**EXERCISE DETAILS**
Return the records below in full. Keep every word exact and skip the images.

(Saved entries)
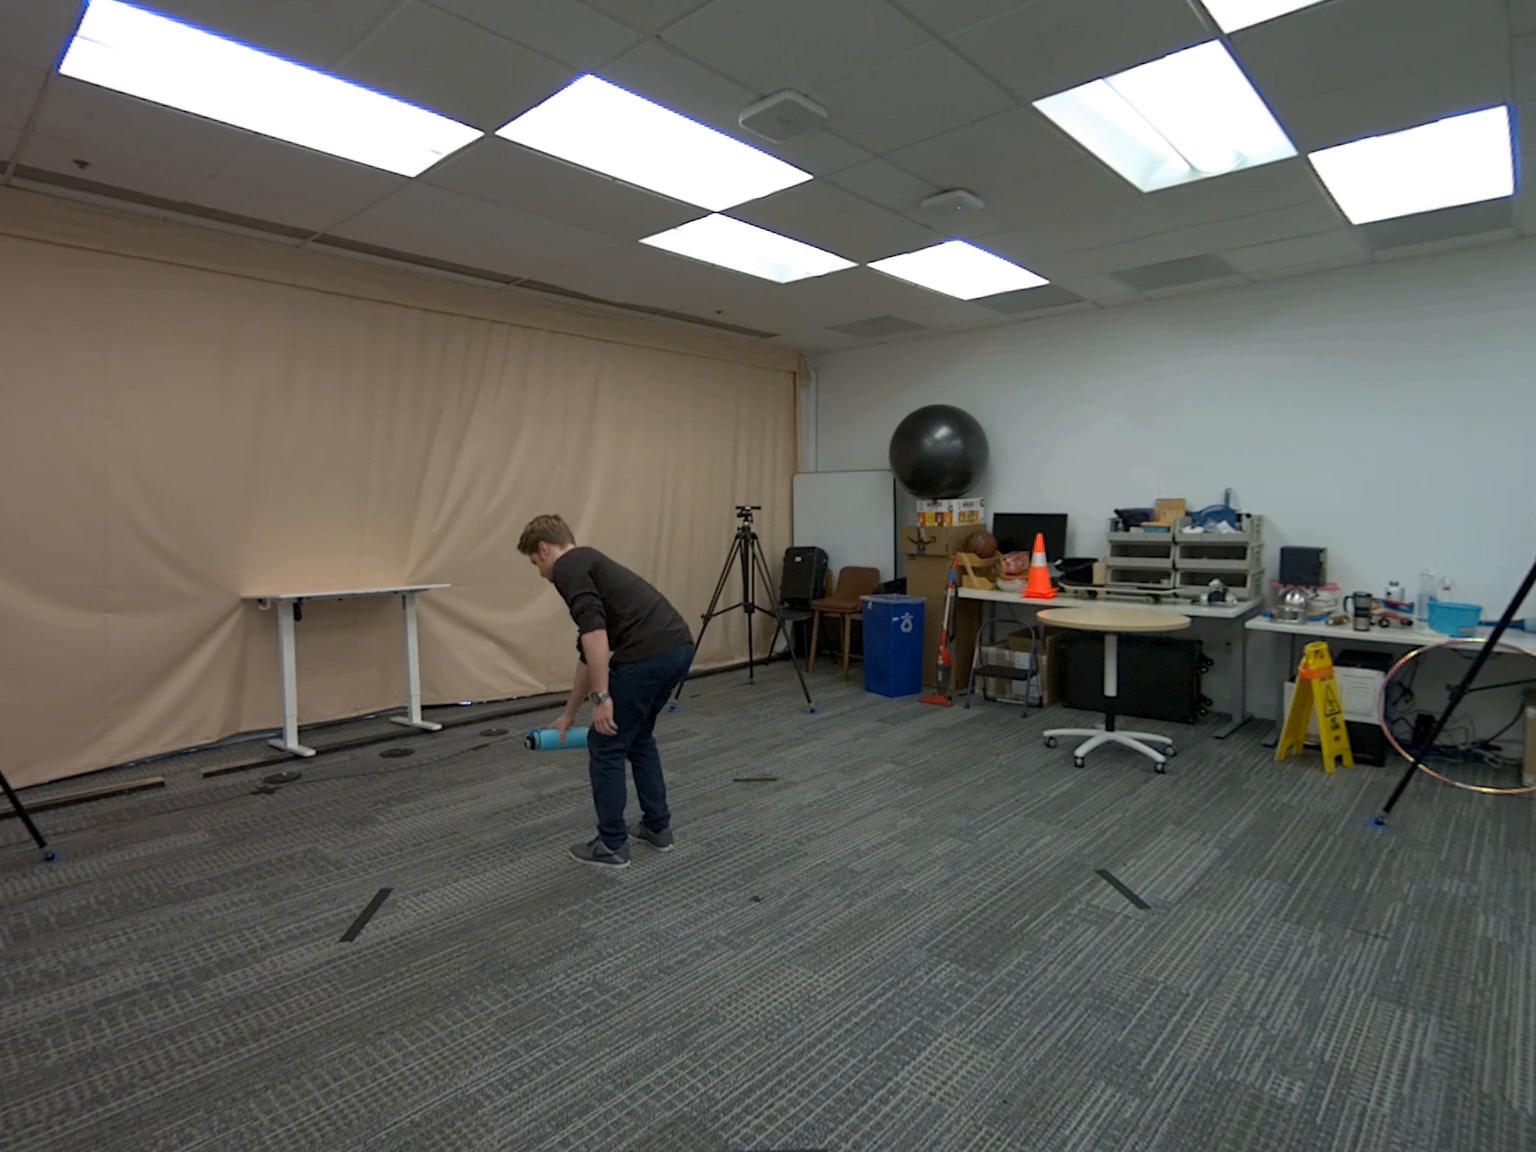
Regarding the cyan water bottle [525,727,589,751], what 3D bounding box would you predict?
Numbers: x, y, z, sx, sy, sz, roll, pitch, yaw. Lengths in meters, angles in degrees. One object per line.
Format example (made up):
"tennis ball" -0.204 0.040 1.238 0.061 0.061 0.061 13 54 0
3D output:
"cyan water bottle" -0.905 0.696 3.610 0.276 0.092 0.095 2 2 -28

**ANSWER FOR THIS EXERCISE**
Regarding the cyan water bottle [525,727,589,751], what 3D bounding box would you predict?
Numbers: x, y, z, sx, sy, sz, roll, pitch, yaw. Lengths in meters, angles in degrees. One object per line.
Format example (made up):
"tennis ball" -0.204 0.040 1.238 0.061 0.061 0.061 13 54 0
3D output:
"cyan water bottle" -0.905 0.696 3.610 0.276 0.092 0.095 2 2 -28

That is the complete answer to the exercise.